# Old fixture



## Shockdoc (Mar 4, 2010)

Pulled this one out of one of my bedrooms during reno.A meathead knocked it over and cracked the plaster.


----------



## johnsmithabe (May 3, 2011)

the royal ornaments !


----------



## johnsmithabe (May 3, 2011)

@ Shockdoc, from where you collected these accessories?


----------



## retiredsparktech (Mar 8, 2011)

That fixture must've been made by an ornamental plaster casting firm, instead of a fixture manufacturer. I doubt U/L would approve that design. I saw a fixture that was simular, but a lot larger. Something like 24" in diameter. IIRC, it had ten lamps in it.
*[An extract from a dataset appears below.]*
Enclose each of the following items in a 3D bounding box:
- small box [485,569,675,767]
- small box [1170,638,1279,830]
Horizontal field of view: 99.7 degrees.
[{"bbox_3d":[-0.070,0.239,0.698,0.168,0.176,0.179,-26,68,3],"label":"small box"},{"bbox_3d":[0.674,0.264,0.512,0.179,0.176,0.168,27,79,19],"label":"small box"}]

The most god-awful thing I ever seen.


----------



## electricmanscott (Feb 11, 2010)

johnsmithabe said:


> @ Shockdoc, from where you collected these accessories?





Shockdoc said:


> *Pulled this one out of one of my bedrooms during reno.*A meathead knocked it over and cracked the plaster.


:thumbsup: .....


----------



## skinnyj41004 (Mar 17, 2007)

I was working at a school that was probably 90 years old that had about 30 fixtures similar to that. The general sent them out to be repaired and refurnished. The last week of the job when we got them back we were cleaning them with windex and recoloring the bad spots with sharpies.


----------



## A Little Short (Nov 11, 2010)

Shockdoc said:


> Pulled this one out of one of my bedrooms during reno.A meathead knocked it over and cracked the plaster.


Epoxy and paint!:001_huh:


----------



## Jmohl (Apr 26, 2011)

If you were out in Cali, I could refer you to a friend of mine. He does resto of the ornamental plaster in the bay area.


----------



## HARRY304E (Sep 15, 2010)

Shockdoc said:


> Pulled this one out of one of my bedrooms during reno.A meathead knocked it over and cracked the plaster.
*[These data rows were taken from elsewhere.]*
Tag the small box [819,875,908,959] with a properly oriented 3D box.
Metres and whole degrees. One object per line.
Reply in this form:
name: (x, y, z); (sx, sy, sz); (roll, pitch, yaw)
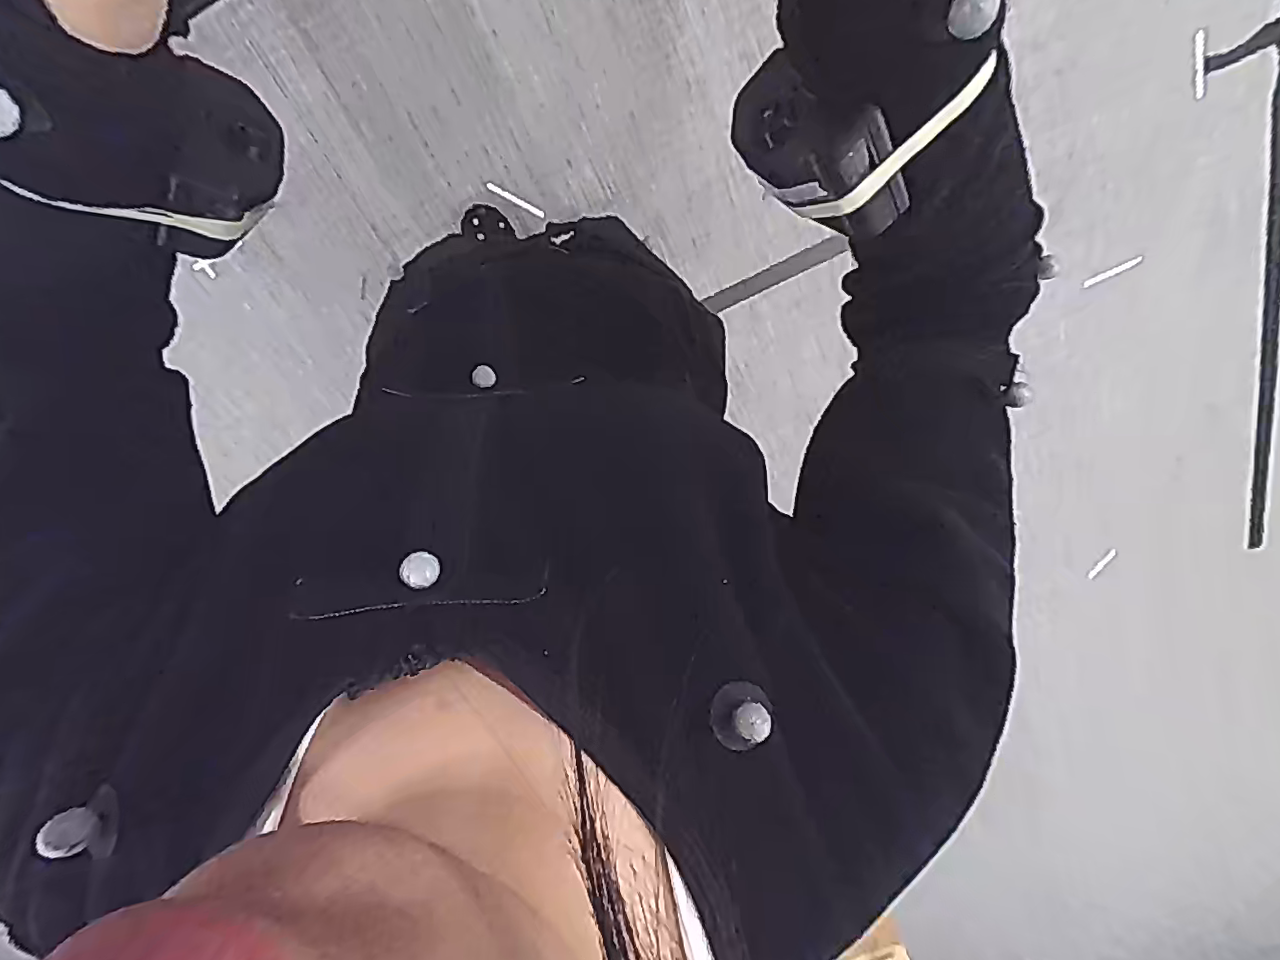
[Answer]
small box: (0.614, 1.231, 1.494); (0.168, 0.176, 0.179); (-22, 116, 6)

One of my whacky customers bought all plaster canopys just like that 36" in diameter and had me install 26 of them throughout her house they weigh about 20-30 lbs ,,,,all old and she had us hand paint them..:blink:

That was a top dollar job..:laughing:

The Electrical inspector was laughing his head off....:laughing::thumbup::laughing:


----------



## s.kelly (Mar 20, 2009)

Nice! Sucks about the crack though


----------



## Shockdoc (Mar 4, 2010)

johnsmithabe said:


> @ Shockdoc, from where you collected these accessories?


 My new old home.


----------



## Shockdoc (Mar 4, 2010)

s.kelly said:


> Nice! Sucks about the crack though


I'm gonna have the wife try to wet plaster the crack , i wonder if I restore it what it would be worth.


----------



## s.kelly (Mar 20, 2009)

Post pictures of the repair. That would be interesting to see.

I have seen refurbished old lights for sale, but never one like that. Most of the vintage I have seen for sale get at least a couple hundred, some over a grand. I'll post a link or two later, can't think of them now.


----------